== Entries supplied ==

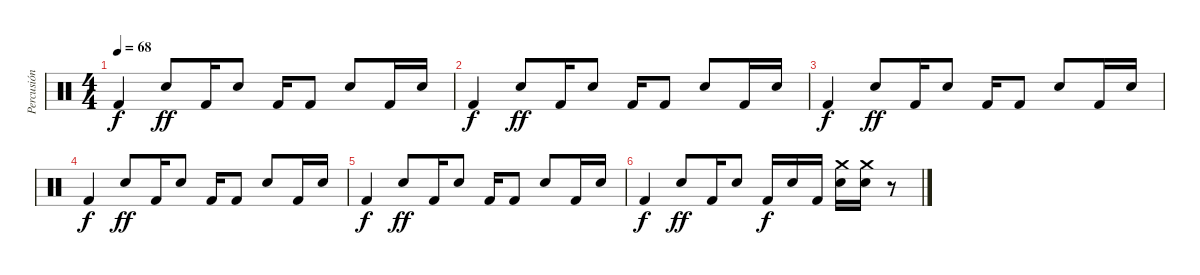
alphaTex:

\track ("Percusión" "Percusión") {instrument percussion}
\staff {score}
\articulation defaults
\ts (4 4)
\tempo 68
\clef neutral
\ks c "Kick (hit) 2".4{dy f} "Snare (hit) 2".8{dy ff} "Kick (hit) 2".16 "Snare (hit) 2".8 "Kick (hit) 2".16 "Kick (hit) 2".8 "Snare (hit) 2".8 "Kick (hit) 2".16 "Snare (hit) 2".16
|
"Kick (hit) 2".4{dy f} "Snare (hit) 2".8{dy ff} "Kick (hit) 2".16 "Snare (hit) 2".8 "Kick (hit) 2".16 "Kick (hit) 2".8 "Snare (hit) 2".8 "Kick (hit) 2".16 "Snare (hit) 2".16 |
"Kick (hit) 2".4{dy f} "Snare (hit) 2".8{dy ff} "Kick (hit) 2".16 "Snare (hit) 2".8 "Kick (hit) 2".16 "Kick (hit) 2".8 "Snare (hit) 2".8 "Kick (hit) 2".16 "Snare (hit) 2".16 |
"Kick (hit) 2".4{dy f} "Snare (hit) 2".8{dy ff} "Kick (hit) 2".16 "Snare (hit) 2".8 "Kick (hit) 2".16 "Kick (hit) 2".8 "Snare (hit) 2".8 "Kick (hit) 2".16 "Snare (hit) 2".16 |
"Kick (hit) 2".4{dy f} "Snare (hit) 2".8{dy ff} "Kick (hit) 2".16 "Snare (hit) 2".8 "Kick (hit) 2".16 "Kick (hit) 2".8 "Snare (hit) 2".8 "Kick (hit) 2".16 "Snare (hit) 2".16 |
"Kick (hit) 2".4{dy f} "Snare (hit) 2".8{dy ff} "Kick (hit) 2".16 "Snare (hit) 2".8 "Kick (hit) 2".16{dy f} "Snare (hit) 2".16 "Kick (hit) 2".16 ("Snare (hit) 2" "Crash medium (hit)").16 ("Snare (hit) 2" "Crash medium (hit)").16 r.8

===

* What is required: Leaving out the pictures, repeat all the entries exactly as they stand.

* Written response:
alphaTex:

\track ("Percusión" "Percusión") {instrument percussion}
\staff {score}
\articulation defaults
\ts (4 4)
\tempo 68
\clef neutral
\ks c "Kick (hit) 2".4{dy f} "Snare (hit) 2".8{dy ff} "Kick (hit) 2".16 "Snare (hit) 2".8 "Kick (hit) 2".16 "Kick (hit) 2".8 "Snare (hit) 2".8 "Kick (hit) 2".16 "Snare (hit) 2".16
|
"Kick (hit) 2".4{dy f} "Snare (hit) 2".8{dy ff} "Kick (hit) 2".16 "Snare (hit) 2".8 "Kick (hit) 2".16 "Kick (hit) 2".8 "Snare (hit) 2".8 "Kick (hit) 2".16 "Snare (hit) 2".16 |
"Kick (hit) 2".4{dy f} "Snare (hit) 2".8{dy ff} "Kick (hit) 2".16 "Snare (hit) 2".8 "Kick (hit) 2".16 "Kick (hit) 2".8 "Snare (hit) 2".8 "Kick (hit) 2".16 "Snare (hit) 2".16 |
"Kick (hit) 2".4{dy f} "Snare (hit) 2".8{dy ff} "Kick (hit) 2".16 "Snare (hit) 2".8 "Kick (hit) 2".16 "Kick (hit) 2".8 "Snare (hit) 2".8 "Kick (hit) 2".16 "Snare (hit) 2".16 |
"Kick (hit) 2".4{dy f} "Snare (hit) 2".8{dy ff} "Kick (hit) 2".16 "Snare (hit) 2".8 "Kick (hit) 2".16 "Kick (hit) 2".8 "Snare (hit) 2".8 "Kick (hit) 2".16 "Snare (hit) 2".16 |
"Kick (hit) 2".4{dy f} "Snare (hit) 2".8{dy ff} "Kick (hit) 2".16 "Snare (hit) 2".8 "Kick (hit) 2".16{dy f} "Snare (hit) 2".16 "Kick (hit) 2".16 ("Snare (hit) 2" "Crash medium (hit)").16 ("Snare (hit) 2" "Crash medium (hit)").16 r.8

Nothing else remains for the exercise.